ROWELL, JONATHAN H., member of Congress, born in New Hampshire in 1833. He graduated at Eureka College, Illinois, and at the Law Department of the University of Chicago; is by profession a lawyer; was State's attorney of the eighth judicial circuit of Illinois, 1868-72; and was a member of Congress from 1883 to 1891.

ROWLAND, ALFRED, an American soldier and legislator, born in North Carolina in 1844. He entered the Confederate army in 1861 as a lieutenant; was captured in the battle of Spottsylvania Court-House; after the war studied law; was a member of the general assembly of North Carolina in 1876-77, and again in 1880-81; and was elected to Congress in 1887.
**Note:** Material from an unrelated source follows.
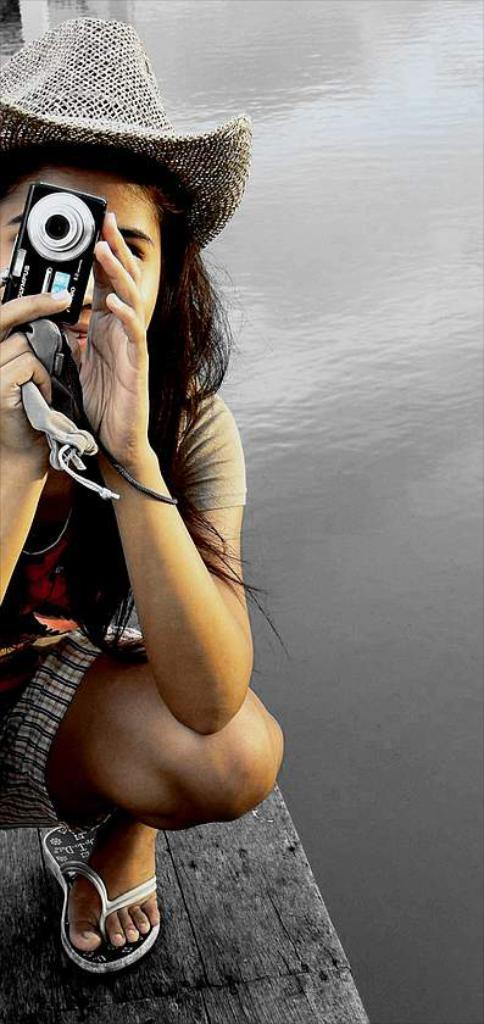Who is the main subject in the image? There is a woman in the image. What is the woman holding in her hands? The woman is holding a camera in her hands. What can be seen in the background of the image? There is water visible in the image. How many trains can be seen in the image? There are no trains present in the image. What type of breath is the woman taking in the image? There is no indication of the woman's breathing in the image. 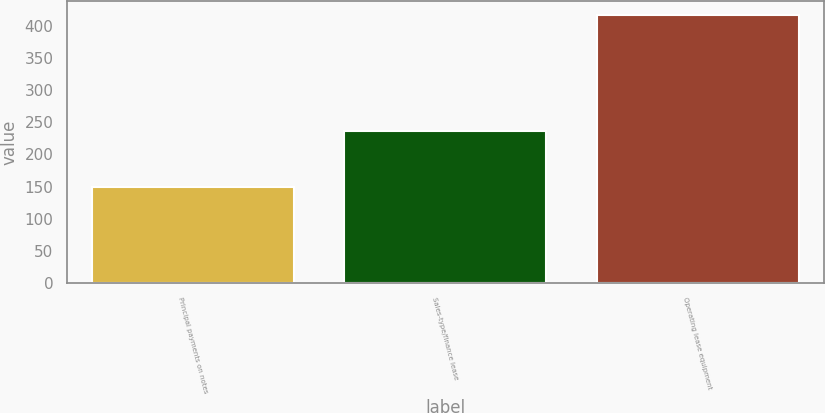Convert chart. <chart><loc_0><loc_0><loc_500><loc_500><bar_chart><fcel>Principal payments on notes<fcel>Sales-type/finance lease<fcel>Operating lease equipment<nl><fcel>149<fcel>236<fcel>417<nl></chart>

ROWSELL, THOMAS JAMES, M.A., chaplain in ordinary to the Queen, educated at Tonbridge School and Cambridge; was for 17 years engaged as rector of St. Peter's district, Stepney, and was appointed rector of St. Margaret's, Lothbury, in 1860. He has been three times select preacher before the University of Cambridge. In November, 1881, he was appointed a canon of Westminster.

RÓWTON, LORD (MONTAGU WILLIAM LOWRY CORRY), was born in London, Oct. 8, 1838. He was educated at Harrow and at Trinity College, Cambridge, taking his degree in 1860. Called to the bar at Lincoln's Inn in 1863, he practiced for three years on the Oxford circuit, and in 1866 was appointed private secretary to Mr. Disraeli, then chancellor of the exchequer. At the termination of Lord Beaconsfield's government in 1880, he was raised to the peerage. Lord Beaconsfield bequeathed to Lord Rowton the whole of his letters, papers, documents and manuscripts.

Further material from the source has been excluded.